Abstract:
Purpose: Persons with Huntington's disease (HD) have a high incidence of falls. Autonomic nervous system dysfunction has been reported even in early stages of this disease. To date, there has been no analysis of the relationship between heart rate variability (HRV) and falls in this patient population. The aim of the study reported here was to evaluate the relationship between HRV and falls in persons with HD.

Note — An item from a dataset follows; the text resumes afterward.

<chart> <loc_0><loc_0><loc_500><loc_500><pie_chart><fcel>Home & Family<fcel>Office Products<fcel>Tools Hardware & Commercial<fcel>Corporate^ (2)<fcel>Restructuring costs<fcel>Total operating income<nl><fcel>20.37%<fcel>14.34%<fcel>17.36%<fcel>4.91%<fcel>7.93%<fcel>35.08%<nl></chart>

Methods: Huntington's disease patients enrolled in a prospective study on fear of falling and falls were assessed using short-term HRV analyses and blood pressure measures in both the resting and standing states. Time-frequency domains and nonlinear parameters were calculated. Data on falls, the risk of falling (RoF) and disease-specific scales were collected at baseline and at the end of the 6-month follow-up.

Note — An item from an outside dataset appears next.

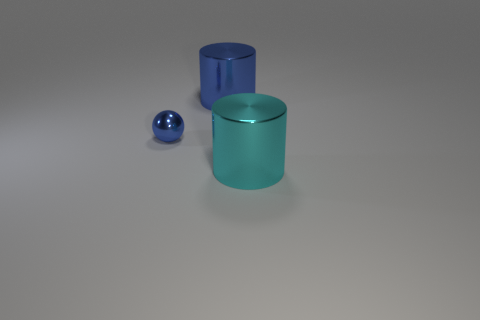Add 2 metal objects. How many objects exist? 5 Subtract all spheres. How many objects are left? 2 Add 3 small blue metal balls. How many small blue metal balls exist? 4 Subtract 0 gray spheres. How many objects are left? 3 Subtract all gray cylinders. Subtract all blue spheres. How many objects are left? 2 Add 1 tiny shiny things. How many tiny shiny things are left? 2

Results: Of the 24 HD patients who were invited to participate in the study, 20 completed the baseline analysis and 18 completed the 6-month follow-up. At baseline, seven (35%) HD patients reported at least one fall (single fallers) and 13 (65%) reported ≥ 2 falls (recurrent fallers) in the previous 12 months. At baseline, recurrent fallers had lower RMSSD (root mean square of successive RR interval differences) in the resting state (RMSSD-resting), higher LF/HF (low/high frequency) ratio in both states and higher DFA-α1 parameter (detrended fluctuation analyses over the short term) in both states. This association was similar at the 6-month follow-up for recurrent fallers, who showed lower RMSSD-resting and higher LF/HF ratio in the standing state (LF/HF-standing) than single fallers. Significant correlations were found between the number of falls, RMSSD-resting and LF/HF-standing. No differences were found between recurrent and single fallers for any blood pressure measures.
Conclusions: The observed HRV pattern is consistent with a higher sympathetic prevalence associated with a higher RoF. Reduced parasympathetic HRV values in this patient population predict being a recurrent faller at 6 months of follow-up, independently of orthostatic phenomena.